Defiendan la ciudad

Una Llamada a los solteros

Cuando Salomón veía a un hombre sin autocontrol sexual, veía un ejército enemigo y una ciudad saqueada. Veía ventanas rotas y puertas sin bisagras. Veía una fortaleza tomada y personas indefensas. O en sus propias palabras:

Como ciudad invadida y sin murallas, es el hombre que no domina su espíritu. (Proverbios 25:28, LBLA)

En el Occidente moderno, ninguna ciudad tiene murallas; no necesitamos llamar a una puerta para entrar a Boston. Pero en el antiguo Cercano Oriente de Israel, donde las naciones guerreaban por las tierras y la supervivencia, las murallas podían suponer la diferencia entre una ciudad floreciente y una devastada.
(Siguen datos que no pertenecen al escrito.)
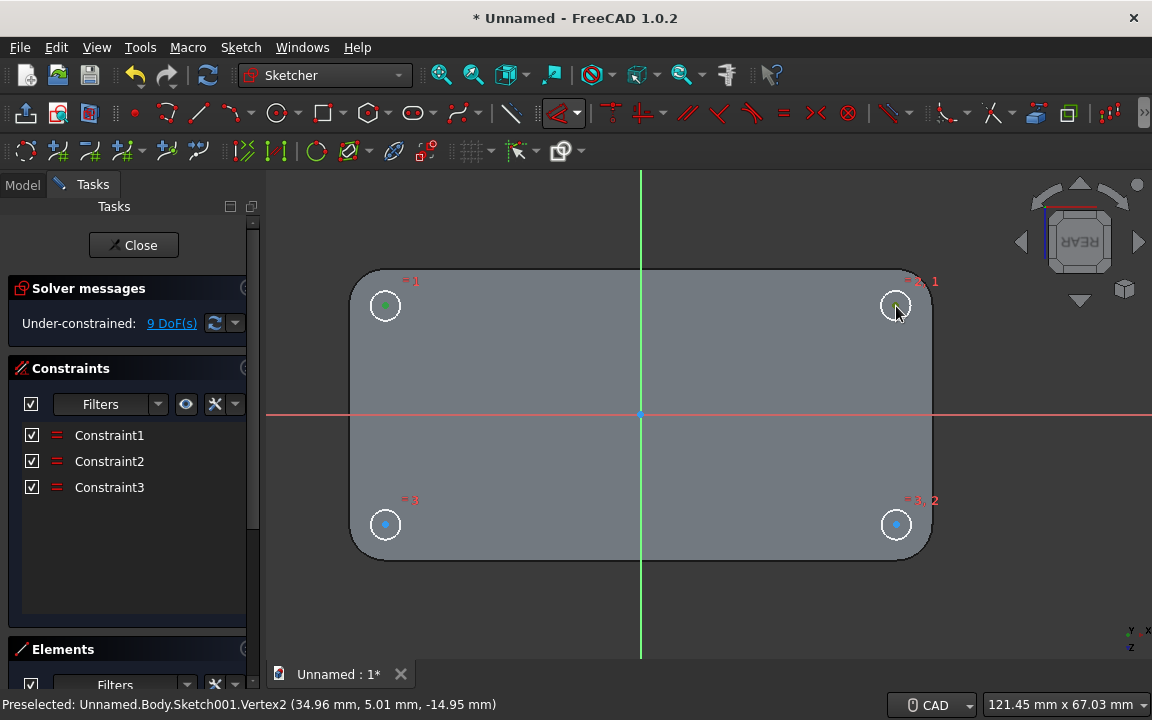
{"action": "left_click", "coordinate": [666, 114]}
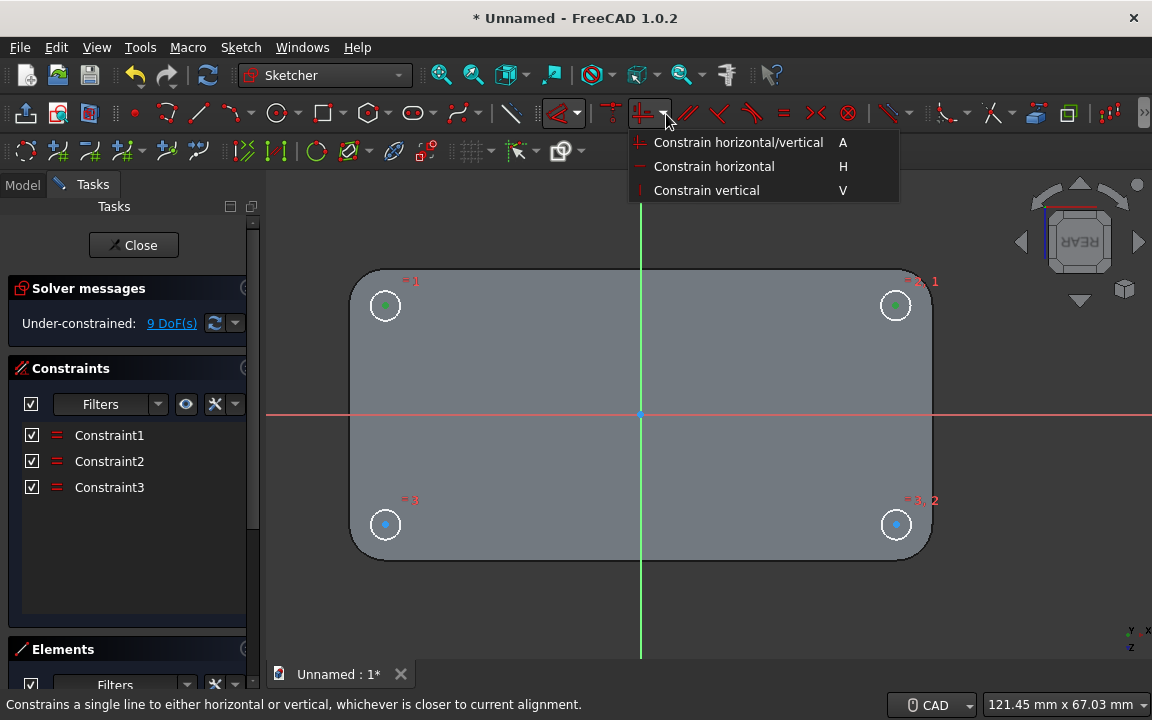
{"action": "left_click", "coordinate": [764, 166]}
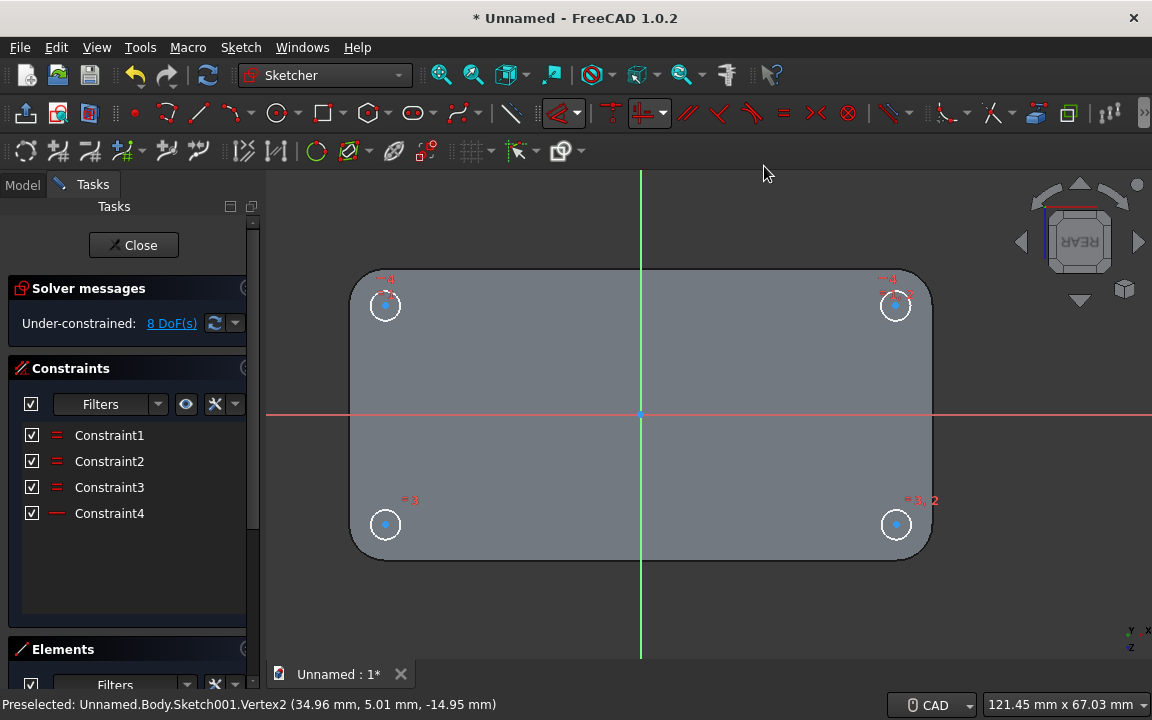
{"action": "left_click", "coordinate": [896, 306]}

Cuando Babilonia abrió una brecha en las murallas de Jerusalén, la ciudad que una vez fue “el gozo de toda la tierra” (Salmos 48:2) se convirtió en viuda y esclava (Lamentaciones 1:1).

Así es con nosotros en la guerra contra el pecado sexual. Somos una ciudad bajo asedio. Los ejércitos de lujuria están en el portal, con un rencor hirviente en sus corazones y mentiras de satén en sus lenguas. Buscan robar nuestro contentamiento haciendo que nos aferremos a placeres fantasmas. Ansían asesinar nuestra hombría dejándonos incapaces de apreciar una mujer que no sea retocada o imaginaria. Y anhelan destruir nuestra alma misma dejándonos con más amor por la lujuria que por Jesús (1 Pedro 2:11).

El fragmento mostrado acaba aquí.